This is the face that criminals saw. His corporal’s stripes indicate that he is in his late 40’s and thus in his prime. He ended his career as a sergeant when he was 59.
The photographer used a canvas or paper backdrop. His seated figure is sharply drawn against its blankness; its negative space accentuates the strength of the pose. I can draw a straight line from the peak of his hat down through the center of his body. The uniform coat is wool. A Sam-Browne belt crosses his chest from left to right. A 38 caliber, six shot handgun, unseen here, is at his right hand. His tie is perfectly knotted, the dress collar of his shirt neatly tucked. His hair is short, a peppered gray; his eyebrows are thick. The Smoky the Bear hat frames his face so that all the viewer’s attention gathers on the lines created by his eyes, nose, tight mouth and chin tucked under the strap.
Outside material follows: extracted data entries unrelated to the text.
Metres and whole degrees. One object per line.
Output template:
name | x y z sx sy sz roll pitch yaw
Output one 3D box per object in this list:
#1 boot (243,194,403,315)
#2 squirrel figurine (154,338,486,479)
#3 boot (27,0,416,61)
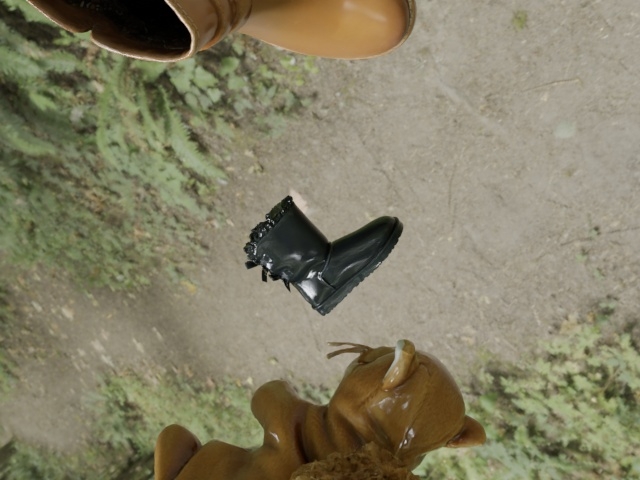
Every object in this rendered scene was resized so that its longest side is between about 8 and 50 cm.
boot | 0.000 0.000 0.549 0.099 0.121 0.045 42 -172 -16
squirrel figurine | 0.026 0.296 0.732 0.281 0.371 0.397 54 -178 -17
boot | -0.059 -0.178 0.435 0.284 0.220 0.109 24 120 -12

His gaze is direct, unrelenting, penetrating. A dominant nose, almost a Roman nose, completes the upside down triangle begun by his eyes.
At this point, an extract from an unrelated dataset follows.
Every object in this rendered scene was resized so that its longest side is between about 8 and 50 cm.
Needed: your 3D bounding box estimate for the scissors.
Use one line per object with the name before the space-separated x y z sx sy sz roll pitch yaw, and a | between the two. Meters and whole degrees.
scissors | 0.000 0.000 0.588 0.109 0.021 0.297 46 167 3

This is a portrait, and therefore the subject chose his position and bearing deliberately. There is not a trace of irony in the pose. The subject chose a combatant’s hard face.
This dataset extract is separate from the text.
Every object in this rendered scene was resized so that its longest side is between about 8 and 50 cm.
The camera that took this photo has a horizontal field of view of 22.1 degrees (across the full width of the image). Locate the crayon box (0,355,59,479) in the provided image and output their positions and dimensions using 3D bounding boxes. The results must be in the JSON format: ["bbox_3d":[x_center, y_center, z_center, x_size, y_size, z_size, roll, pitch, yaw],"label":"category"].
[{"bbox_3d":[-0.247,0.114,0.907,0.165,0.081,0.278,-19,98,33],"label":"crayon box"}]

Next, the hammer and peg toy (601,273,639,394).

This was my father, Charles Wall, who died in 2004. I want to know who he was before me — in Philadelphia as a little boy on Logan Street, during the 20’s, during the Depression, as a young man, as a police officer, as a man among other men, as someone with an inner life of which I have only the barest, fragmentary sense. His history bleeds into my history. This post begins my search.